Theoretical and Practical Implications
Theoretical Implications:
- Long-form evaluation requires multi-dimensional assessment: Single scores (e.g., FVD, CLIP score) are insufficient for minute-scale generation
- Conditioning modality affects generation stability: Different models excel with different input formats (text, image, or video)
- Audio-visual synchronization decays over time: Maintaining AV alignment becomes increasingly challenging with duration
Practical Implications:
- Benchmark as diagnostic tool: LongAV-Compass helps identify specific failure modes (identity drift, transition artifacts) rather than just ranking models
- Guidance for model development: Highlights need for better long-range temporal modeling and cross-event consistency mechanisms
- Application-specific evaluation: Different scenarios (Vlog vs.
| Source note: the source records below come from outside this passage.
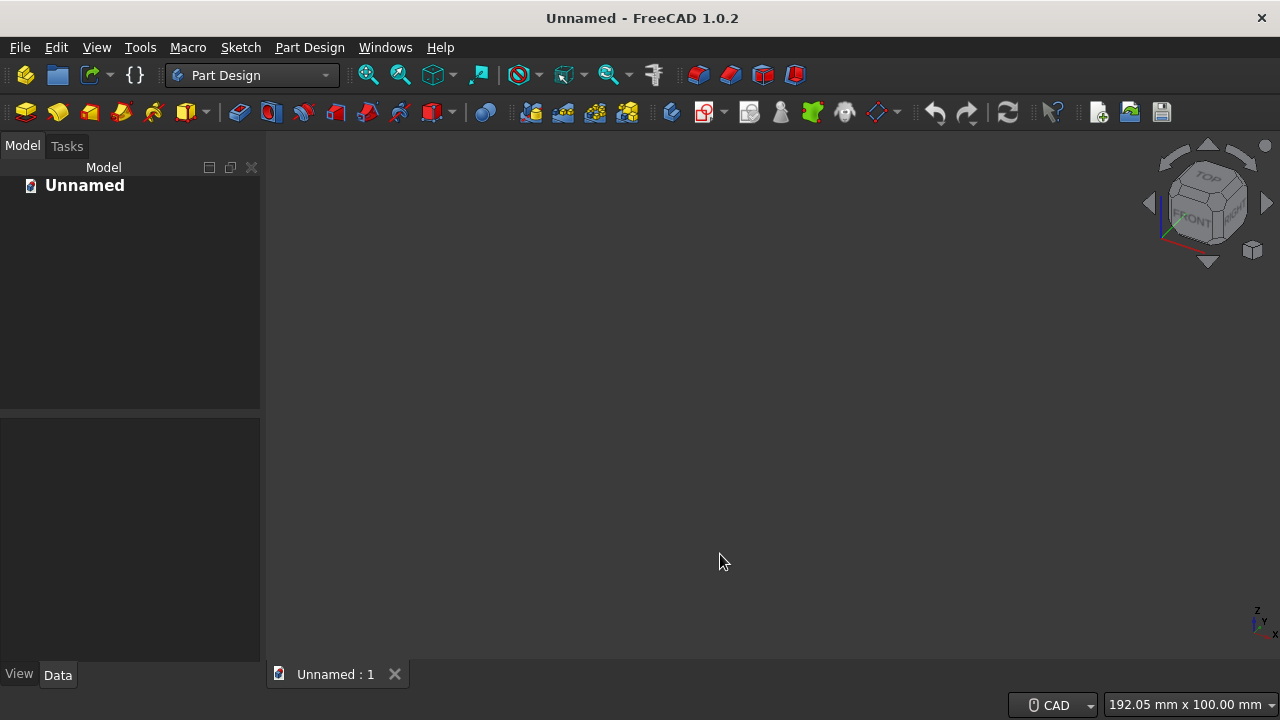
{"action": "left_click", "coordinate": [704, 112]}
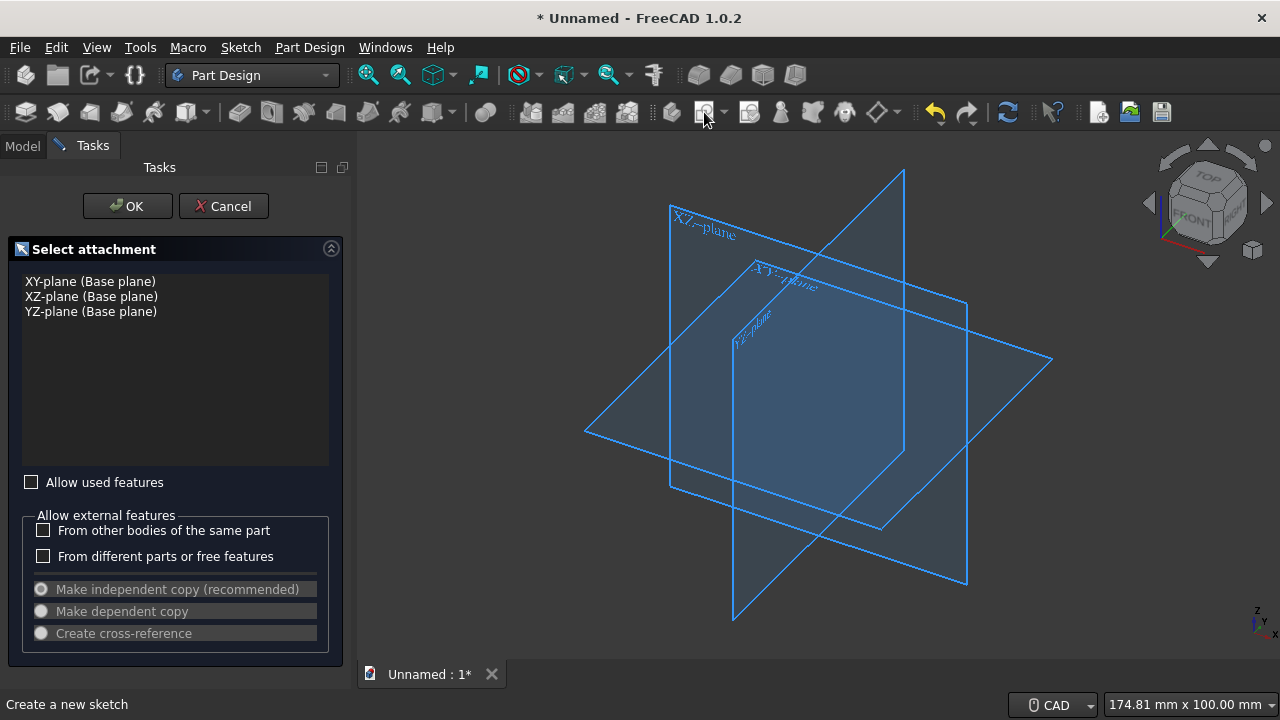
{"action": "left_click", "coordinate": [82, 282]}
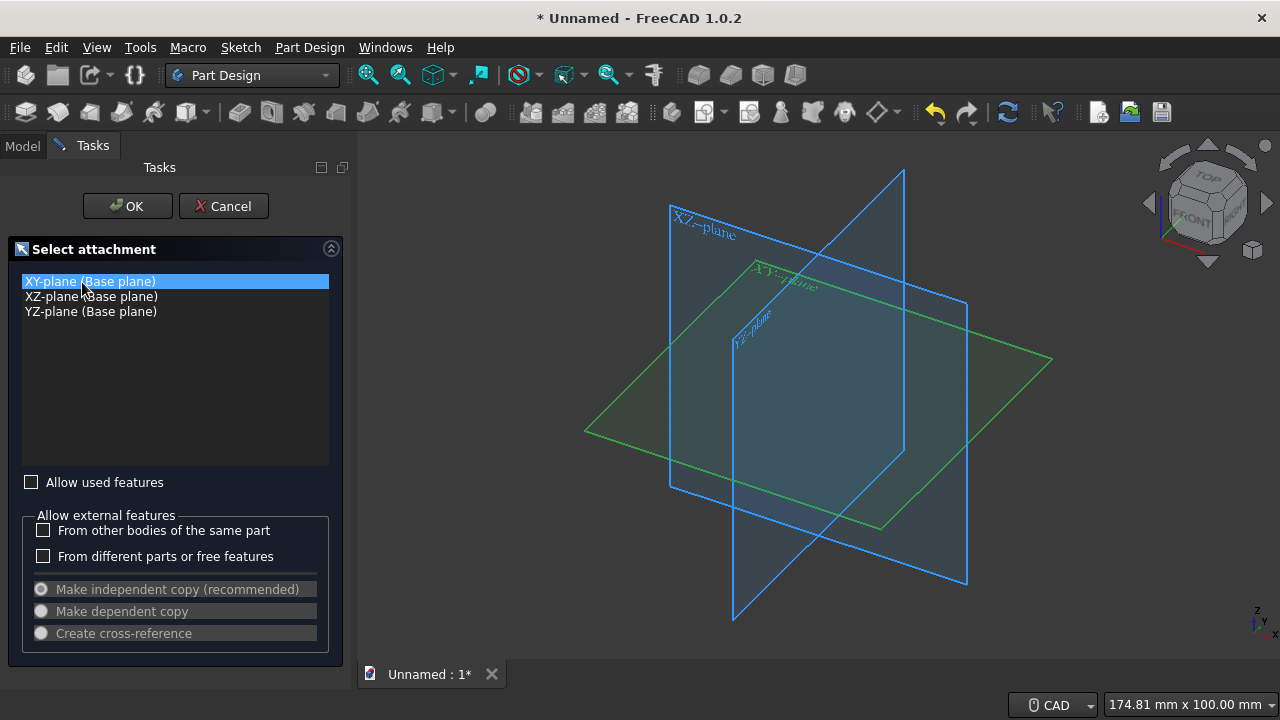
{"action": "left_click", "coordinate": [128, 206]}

Performance Ads) stress different model capabilities
Conclusion
LongAV-Compass establishes a unified benchmark for minute-scale audio-visual generation across T2AV, I2AV, and V2AV. Key takeaways:
- Current models cannot be characterized by single scores – strong long-form generation requires joint success across event completion, temporal continuity, visual quality, semantic alignment, and audio-visual synchronization
- Proprietary models lead but have clear weaknesses – particularly in product-oriented scenarios and complex event chains
- Audio generation remains challenging – native audio support doesn't guarantee synchronized, coherent soundtracks over minute durations
- Benchmark enables systematic diagnosis – revealing where models fail as temporal scope, conditioning diversity, and cross-modal coupling increase
Future Directions: Extending to even longer durations (5-10 minutes), incorporating more complex narrative structures, and developing better automatic metrics for long-range consistency assessment.